ASSIGNED TASK:
Your answer must be the full set of entries, reproduced exactly.

(Stored entries)

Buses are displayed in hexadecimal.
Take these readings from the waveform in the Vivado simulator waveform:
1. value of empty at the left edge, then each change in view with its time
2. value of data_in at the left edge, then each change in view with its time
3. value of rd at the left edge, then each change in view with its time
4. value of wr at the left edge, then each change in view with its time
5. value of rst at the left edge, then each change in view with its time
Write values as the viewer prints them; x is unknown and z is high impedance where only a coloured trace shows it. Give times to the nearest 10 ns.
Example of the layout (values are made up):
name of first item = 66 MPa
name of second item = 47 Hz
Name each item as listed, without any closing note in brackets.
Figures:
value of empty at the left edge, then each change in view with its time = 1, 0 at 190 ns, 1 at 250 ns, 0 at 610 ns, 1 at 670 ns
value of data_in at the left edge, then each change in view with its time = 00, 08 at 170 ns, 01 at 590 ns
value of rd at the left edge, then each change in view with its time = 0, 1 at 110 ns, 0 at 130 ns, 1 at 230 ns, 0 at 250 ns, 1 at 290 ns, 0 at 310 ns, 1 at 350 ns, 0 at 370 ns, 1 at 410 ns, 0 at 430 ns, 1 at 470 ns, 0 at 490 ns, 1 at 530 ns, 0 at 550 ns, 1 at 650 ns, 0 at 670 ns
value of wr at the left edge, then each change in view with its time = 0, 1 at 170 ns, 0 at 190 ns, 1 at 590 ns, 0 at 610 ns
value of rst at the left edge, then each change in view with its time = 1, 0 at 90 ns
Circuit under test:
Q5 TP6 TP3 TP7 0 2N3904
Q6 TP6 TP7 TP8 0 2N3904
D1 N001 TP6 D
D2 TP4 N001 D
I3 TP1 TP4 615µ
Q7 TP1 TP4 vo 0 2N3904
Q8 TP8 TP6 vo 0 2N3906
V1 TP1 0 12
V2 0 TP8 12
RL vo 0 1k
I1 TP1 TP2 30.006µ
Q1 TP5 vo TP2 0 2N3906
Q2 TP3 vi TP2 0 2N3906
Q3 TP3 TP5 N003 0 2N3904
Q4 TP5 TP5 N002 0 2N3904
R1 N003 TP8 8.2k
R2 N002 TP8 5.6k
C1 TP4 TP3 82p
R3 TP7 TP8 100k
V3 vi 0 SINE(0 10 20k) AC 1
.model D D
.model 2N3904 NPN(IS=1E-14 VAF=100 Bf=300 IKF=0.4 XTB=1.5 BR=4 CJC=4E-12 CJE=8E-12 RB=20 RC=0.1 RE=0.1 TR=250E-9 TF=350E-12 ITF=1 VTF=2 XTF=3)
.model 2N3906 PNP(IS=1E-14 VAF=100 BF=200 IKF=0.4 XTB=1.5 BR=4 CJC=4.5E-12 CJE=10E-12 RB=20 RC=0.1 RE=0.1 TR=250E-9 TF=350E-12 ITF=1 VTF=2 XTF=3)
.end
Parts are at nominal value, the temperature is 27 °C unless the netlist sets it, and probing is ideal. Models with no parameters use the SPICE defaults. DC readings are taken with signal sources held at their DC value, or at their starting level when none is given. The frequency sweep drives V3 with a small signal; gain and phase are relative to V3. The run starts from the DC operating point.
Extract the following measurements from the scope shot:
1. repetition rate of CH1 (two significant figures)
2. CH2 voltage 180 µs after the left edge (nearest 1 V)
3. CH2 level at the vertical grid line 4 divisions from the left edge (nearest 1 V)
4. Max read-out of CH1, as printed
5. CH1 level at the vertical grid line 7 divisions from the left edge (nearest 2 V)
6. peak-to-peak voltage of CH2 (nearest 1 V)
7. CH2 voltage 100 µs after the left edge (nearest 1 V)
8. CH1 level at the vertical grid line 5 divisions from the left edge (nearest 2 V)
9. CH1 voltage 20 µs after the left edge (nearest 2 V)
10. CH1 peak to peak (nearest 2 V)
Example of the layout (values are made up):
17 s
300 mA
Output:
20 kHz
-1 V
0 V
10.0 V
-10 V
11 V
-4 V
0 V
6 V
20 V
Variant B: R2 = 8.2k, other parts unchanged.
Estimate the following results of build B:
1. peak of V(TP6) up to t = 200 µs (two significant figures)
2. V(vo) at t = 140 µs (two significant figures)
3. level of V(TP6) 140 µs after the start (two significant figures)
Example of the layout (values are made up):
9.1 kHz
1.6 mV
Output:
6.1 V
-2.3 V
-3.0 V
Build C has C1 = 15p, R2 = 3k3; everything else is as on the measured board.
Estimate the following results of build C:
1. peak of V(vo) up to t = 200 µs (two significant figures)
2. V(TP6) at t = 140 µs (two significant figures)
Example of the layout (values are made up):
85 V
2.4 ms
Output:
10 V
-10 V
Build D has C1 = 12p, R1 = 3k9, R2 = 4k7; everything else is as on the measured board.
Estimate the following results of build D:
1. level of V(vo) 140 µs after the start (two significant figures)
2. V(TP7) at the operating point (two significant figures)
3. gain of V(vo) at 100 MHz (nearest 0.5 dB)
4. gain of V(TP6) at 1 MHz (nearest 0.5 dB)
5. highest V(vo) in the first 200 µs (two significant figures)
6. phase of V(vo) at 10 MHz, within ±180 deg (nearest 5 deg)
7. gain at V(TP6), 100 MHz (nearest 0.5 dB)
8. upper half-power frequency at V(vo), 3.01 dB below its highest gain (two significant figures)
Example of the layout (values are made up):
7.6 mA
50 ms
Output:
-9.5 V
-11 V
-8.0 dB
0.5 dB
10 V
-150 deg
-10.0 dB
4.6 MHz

YOUR SOLUTION:
Buses are displayed in hexadecimal.
Take these readings from the waveform in the Vivado simulator waveform:
1. value of empty at the left edge, then each change in view with its time
2. value of data_in at the left edge, then each change in view with its time
3. value of rd at the left edge, then each change in view with its time
4. value of wr at the left edge, then each change in view with its time
5. value of rst at the left edge, then each change in view with its time
Write values as the viewer prints them; x is unknown and z is high impedance where only a coloured trace shows it. Give times to the nearest 10 ns.
Example of the layout (values are made up):
name of first item = 66 MPa
name of second item = 47 Hz
Name each item as listed, without any closing note in brackets.
Figures:
value of empty at the left edge, then each change in view with its time = 1, 0 at 190 ns, 1 at 250 ns, 0 at 610 ns, 1 at 670 ns
value of data_in at the left edge, then each change in view with its time = 00, 08 at 170 ns, 01 at 590 ns
value of rd at the left edge, then each change in view with its time = 0, 1 at 110 ns, 0 at 130 ns, 1 at 230 ns, 0 at 250 ns, 1 at 290 ns, 0 at 310 ns, 1 at 350 ns, 0 at 370 ns, 1 at 410 ns, 0 at 430 ns, 1 at 470 ns, 0 at 490 ns, 1 at 530 ns, 0 at 550 ns, 1 at 650 ns, 0 at 670 ns
value of wr at the left edge, then each change in view with its time = 0, 1 at 170 ns, 0 at 190 ns, 1 at 590 ns, 0 at 610 ns
value of rst at the left edge, then each change in view with its time = 1, 0 at 90 ns
Circuit under test:
Q5 TP6 TP3 TP7 0 2N3904
Q6 TP6 TP7 TP8 0 2N3904
D1 N001 TP6 D
D2 TP4 N001 D
I3 TP1 TP4 615µ
Q7 TP1 TP4 vo 0 2N3904
Q8 TP8 TP6 vo 0 2N3906
V1 TP1 0 12
V2 0 TP8 12
RL vo 0 1k
I1 TP1 TP2 30.006µ
Q1 TP5 vo TP2 0 2N3906
Q2 TP3 vi TP2 0 2N3906
Q3 TP3 TP5 N003 0 2N3904
Q4 TP5 TP5 N002 0 2N3904
R1 N003 TP8 8.2k
R2 N002 TP8 5.6k
C1 TP4 TP3 82p
R3 TP7 TP8 100k
V3 vi 0 SINE(0 10 20k) AC 1
.model D D
.model 2N3904 NPN(IS=1E-14 VAF=100 Bf=300 IKF=0.4 XTB=1.5 BR=4 CJC=4E-12 CJE=8E-12 RB=20 RC=0.1 RE=0.1 TR=250E-9 TF=350E-12 ITF=1 VTF=2 XTF=3)
.model 2N3906 PNP(IS=1E-14 VAF=100 BF=200 IKF=0.4 XTB=1.5 BR=4 CJC=4.5E-12 CJE=10E-12 RB=20 RC=0.1 RE=0.1 TR=250E-9 TF=350E-12 ITF=1 VTF=2 XTF=3)
.end
Parts are at nominal value, the temperature is 27 °C unless the netlist sets it, and probing is ideal. Models with no parameters use the SPICE defaults. DC readings are taken with signal sources held at their DC value, or at their starting level when none is given. The frequency sweep drives V3 with a small signal; gain and phase are relative to V3. The run starts from the DC operating point.
Extract the following measurements from the scope shot:
1. repetition rate of CH1 (two significant figures)
2. CH2 voltage 180 µs after the left edge (nearest 1 V)
3. CH2 level at the vertical grid line 4 divisions from the left edge (nearest 1 V)
4. Max read-out of CH1, as printed
5. CH1 level at the vertical grid line 7 divisions from the left edge (nearest 2 V)
6. peak-to-peak voltage of CH2 (nearest 1 V)
7. CH2 voltage 100 µs after the left edge (nearest 1 V)
8. CH1 level at the vertical grid line 5 divisions from the left edge (nearest 2 V)
9. CH1 voltage 20 µs after the left edge (nearest 2 V)
10. CH1 peak to peak (nearest 2 V)
Example of the layout (values are made up):
17 s
300 mA
Output:
20 kHz
-1 V
0 V
10.0 V
-10 V
11 V
-4 V
0 V
6 V
20 V
Variant B: R2 = 8.2k, other parts unchanged.
Estimate the following results of build B:
1. peak of V(TP6) up to t = 200 µs (two significant figures)
2. V(vo) at t = 140 µs (two significant figures)
3. level of V(TP6) 140 µs after the start (two significant figures)
Example of the layout (values are made up):
9.1 kHz
1.6 mV
Output:
6.1 V
-2.3 V
-3.0 V
Build C has C1 = 15p, R2 = 3k3; everything else is as on the measured board.
Estimate the following results of build C:
1. peak of V(vo) up to t = 200 µs (two significant figures)
2. V(TP6) at t = 140 µs (two significant figures)
Example of the layout (values are made up):
85 V
2.4 ms
Output:
10 V
-10 V
Build D has C1 = 12p, R1 = 3k9, R2 = 4k7; everything else is as on the measured board.
Estimate the following results of build D:
1. level of V(vo) 140 µs after the start (two significant figures)
2. V(TP7) at the operating point (two significant figures)
3. gain of V(vo) at 100 MHz (nearest 0.5 dB)
4. gain of V(TP6) at 1 MHz (nearest 0.5 dB)
5. highest V(vo) in the first 200 µs (two significant figures)
6. phase of V(vo) at 10 MHz, within ±180 deg (nearest 5 deg)
7. gain at V(TP6), 100 MHz (nearest 0.5 dB)
8. upper half-power frequency at V(vo), 3.01 dB below its highest gain (two significant figures)
Example of the layout (values are made up):
7.6 mA
50 ms
Output:
-9.5 V
-11 V
-8.0 dB
0.5 dB
10 V
-150 deg
-10.0 dB
4.6 MHz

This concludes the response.